Count the occurance of each token within the training sets.

In [52]:
about_mandrill_count_dict = {}
for word in amw_unique:
    about_mandrill_count_dict[word] = about_mandrill_words.count(word) + 1
md_sum = sum(about_mandrill_count_dict.values()) 

about_other_count_dict = {}
for word in aow_unique:
    about_other_count_dict[word] = about_other_words.count(word) + 1
ot_sum = sum(about_other_count_dict.values()) 

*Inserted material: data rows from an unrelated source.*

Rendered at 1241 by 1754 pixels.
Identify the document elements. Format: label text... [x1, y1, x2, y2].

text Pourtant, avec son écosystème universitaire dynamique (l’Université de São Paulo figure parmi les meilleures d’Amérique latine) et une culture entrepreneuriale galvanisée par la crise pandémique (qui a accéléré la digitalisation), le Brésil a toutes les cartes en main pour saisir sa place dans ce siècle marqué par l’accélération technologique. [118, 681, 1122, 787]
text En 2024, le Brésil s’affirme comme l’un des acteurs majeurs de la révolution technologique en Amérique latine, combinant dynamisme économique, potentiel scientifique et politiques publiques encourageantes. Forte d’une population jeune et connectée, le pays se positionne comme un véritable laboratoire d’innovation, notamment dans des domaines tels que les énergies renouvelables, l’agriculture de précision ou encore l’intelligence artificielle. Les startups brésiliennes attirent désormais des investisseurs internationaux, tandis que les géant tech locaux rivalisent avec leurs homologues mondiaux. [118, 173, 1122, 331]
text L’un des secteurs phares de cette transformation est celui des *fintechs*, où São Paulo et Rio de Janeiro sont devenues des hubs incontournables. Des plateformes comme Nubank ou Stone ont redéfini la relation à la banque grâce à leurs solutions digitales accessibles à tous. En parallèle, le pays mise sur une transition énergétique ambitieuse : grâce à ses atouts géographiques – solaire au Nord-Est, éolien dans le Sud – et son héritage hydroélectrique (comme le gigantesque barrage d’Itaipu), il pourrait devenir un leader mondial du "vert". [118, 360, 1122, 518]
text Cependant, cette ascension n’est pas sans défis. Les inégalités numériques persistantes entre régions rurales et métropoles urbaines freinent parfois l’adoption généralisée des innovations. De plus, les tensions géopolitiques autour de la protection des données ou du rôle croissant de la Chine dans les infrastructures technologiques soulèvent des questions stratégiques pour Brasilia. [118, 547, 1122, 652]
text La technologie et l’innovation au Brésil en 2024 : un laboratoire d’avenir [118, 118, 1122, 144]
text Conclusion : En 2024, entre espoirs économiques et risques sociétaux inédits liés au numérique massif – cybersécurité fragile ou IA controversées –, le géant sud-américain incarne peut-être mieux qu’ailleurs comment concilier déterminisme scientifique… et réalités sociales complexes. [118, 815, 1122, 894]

Calculate the probality of each tokens occurance within the training set as well as the natural log.

In [38]:
md_df = pd.DataFrame(list(about_mandrill_count_dict.values()),index=list(about_mandrill_count_dict.keys()))
md_df.rename(columns={0: 'Token Count + 1'}, inplace=True)
md_df['P(Token|App)'] = md_df['Token Count + 1'] / md_sum
md_df['LN(P)'] = np.log(md_df['P(Token|App)'])

ot_df = pd.DataFrame(list(about_other_count_dict.values()),index=list(about_other_count_dict.keys()))
ot_df.rename(columns={0: 'Token Count + 1'}, inplace=True)
ot_df['P(Token|Other)'] = ot_df['Token Count + 1'] / ot_sum
ot_df['LN(P)'] = np.log(ot_df['P(Token|Other)'])

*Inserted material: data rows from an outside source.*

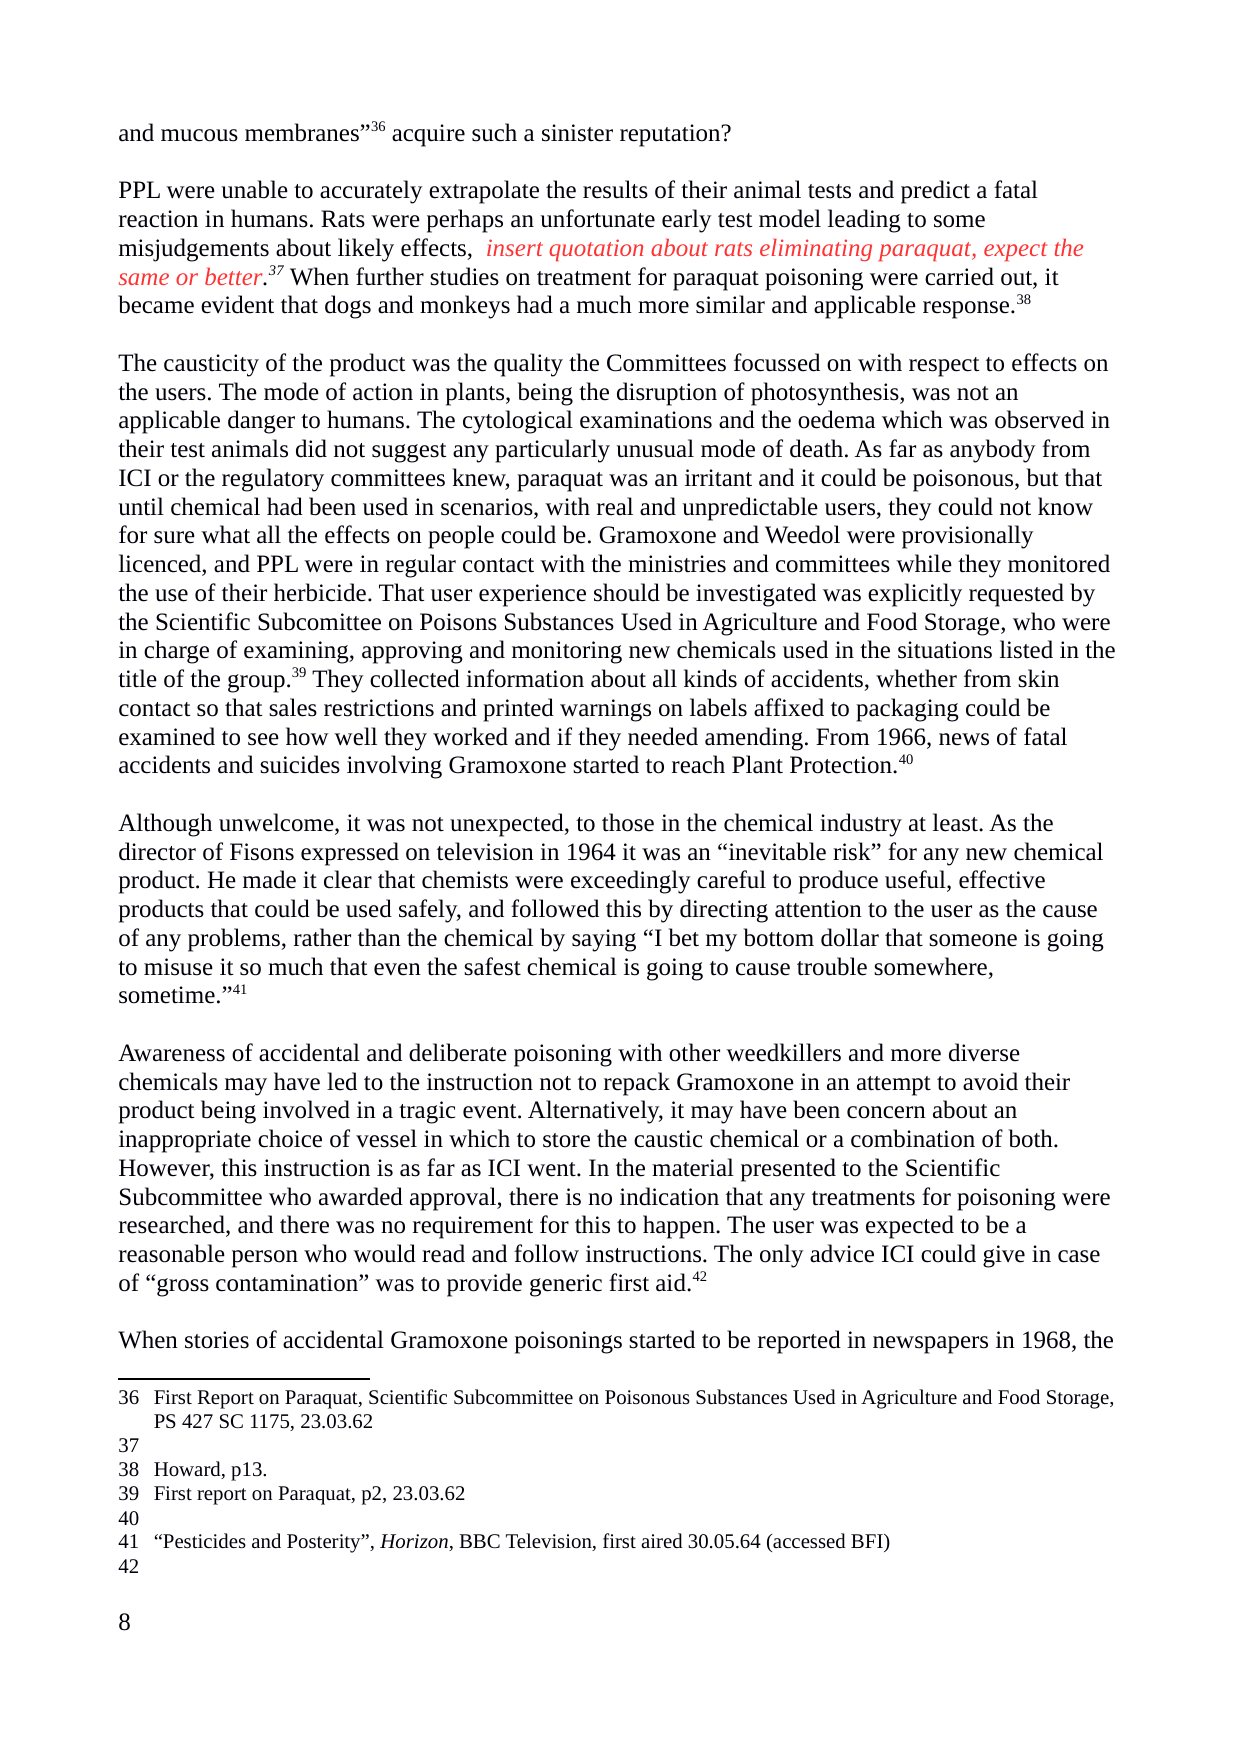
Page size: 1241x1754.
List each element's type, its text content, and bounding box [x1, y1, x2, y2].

text The causticity of the product was the quality the Committees focussed on with respect to effects on the users. The mode of action in plants, being the disruption of photosynthesis, was not an applicable danger to humans. The cytological examinations and the oedema which was observed in their test animals did not suggest any particularly unusual mode of death. As far as anybody from ICI or the regulatory committees knew, paraquat was an irritant and it could be poisonous, but that until chemical had been used in scenarios, with real and unpredictable users, they could not know for sure what all the effects on people could be. Gramoxone and Weedol were provisionally licenced, and PPL were in regular contact with the ministries and committees while they monitored the use of their herbicide. That user experience should be investigated was explicitly requested by the Scientific Subcomittee on Poisons Substances Used in Agriculture and Food Storage, who were in charge of examining, approving and monitoring new chemicals used in the situations listed in the title of the group. They collected information about all kinds of accidents, whether from skin contact so that sales restrictions and printed warnings on labels affixed to packaging could be examined to see how well they worked and if they needed amending. From 1966, news of fatal accidents and suicides involving Gramoxone started to reach Plant Protection. [118, 348, 1122, 779]
text Awareness of accidental and deliberate poisoning with other weedkillers and more diverse chemicals may have led to the instruction not to repack Gramoxone in an attempt to avoid their product being involved in a tragic event. Alternatively, it may have been concern about an inappropriate choice of vessel in which to store the caustic chemical or a combination of both. However, this instruction is as far as ICI went. In the material presented to the Scientific Subcommittee who awarded approval, there is no indication that any treatments for poisoning were researched, and there was no requirement for this to happen. The user was expected to be a reasonable person who would read and follow instructions. The only advice ICI could give in case of “gross contamination” was to provide generic first aid. [118, 1038, 1122, 1297]
text PPL were unable to accurately extrapolate the results of their animal tests and predict a fatal reaction in humans. Rats were perhaps an unfortunate early test model leading to some misjudgements about likely effects, insert quotation about rats eliminating paraquat, expect the same or better. When further studies on treatment for paraquat poisoning were carried out, it became evident that dogs and monkeys had a much more similar and applicable response. [118, 176, 1122, 319]
text Howard, p13. [118, 1457, 1122, 1481]
text First Report on Paraquat, Scientific Subcommittee on Poisonous Substances Used in Agriculture and Food Storage, PS 427 SC 1175, 23.03.62 [118, 1385, 1122, 1433]
text When stories of accidental Gramoxone poisonings started to be reported in newspapers in 1968, the [118, 1326, 1122, 1354]
text “Pesticides and Posterity”, Horizon, BBC Television, first aired 30.05.64 (accessed BFI) [118, 1529, 1122, 1553]
text Although unwelcome, it was not unexpected, to those in the chemical industry at least. As the director of Fisons expressed on television in 1964 it was an “inevitable risk” for any new chemical product. He made it clear that chemists were exceedingly careful to produce useful, effective products that could be used safely, and followed this by directing attention to the user as the cause of any problems, rather than the chemical by saying “I bet my bottom dollar that someone is going to misuse it so much that even the safest chemical is going to cause trouble somewhere, sometime.” [118, 808, 1122, 1009]
text First report on Paraquat, p2, 23.03.62 [118, 1481, 1122, 1505]
text and mucous membranes” acquire such a sinister reputation? [118, 118, 1122, 147]

A function to determine the conditional probability for a particular tweet and an associated model

In [49]:
def tweet_scorer(tweet, probs_df):
    #tweet is list of individual words
    prob_total = 0
    s = probs_df['Token Count + 1'].sum()
    for word in tweet.split(' '):
        if len(word) <= 3: continue # no score for short words
        if word in probs_df.index:
            prob_total += probs_df['LN(P)'].loc[word]
        else:
            prob_total += np.log(1/s)
    return prob_total

Use model to predict class of each test tweet

In [55]:
test_tweets_df = pd.read_excel(excel_file, 'TestTweets', parse_cols = "C", index_col=None)
test_tweets_df = test_tweets_df.applymap(clean)

print ('Predictions')
print ('-'*13)
num = 1
for row in test_tweets_df.itertuples():
    tweet = row[1]
    if tweet_scorer(tweet, md_df) > tweet_scorer(tweet, ot_df):
        print ('#%i: Mandrill App (%s)'%(num, tweet))
    else:
        print ('#%i: Other (%s)'%(num, tweet))
    num += 1

Predictions
-------------
#1: Mandrill App (just love @mandrillapp transactional email service - http://mandrill.com sorry @sendgrid and @mailjet #timetomoveon)
#2: Mandrill App (@rossdeane mind submitting a request at http://help.mandrill.com with account details if you haven't already  glad to take a look )
#3: Mandrill App (@veroapp any chance you'll be adding mandrill support to vero )
#4: Mandrill App (@elie__ @camj59 jparle de relai smtp 1 million de mail chez mandrill / mois comparé à 1 million sur lite sendgrid y a pas photo avec mailjet)
#5: Mandrill App (would like to send emails for welcome  password resets  payment notifications  etc what should i use  was looking at mailgun/mandrill)
#6: Mandrill App (from coworker about using mandrill  "i would entrust email handling to a pokemon".)
#7: Mandrill App (@mandrill realised i did that about 5 seconds after hitting send )
#8: Mandrill App (holy shit it’s here http://www.mandrill.com/ )
#9: Mandrill App (our new subscriber profi

We got the same predictions as the book.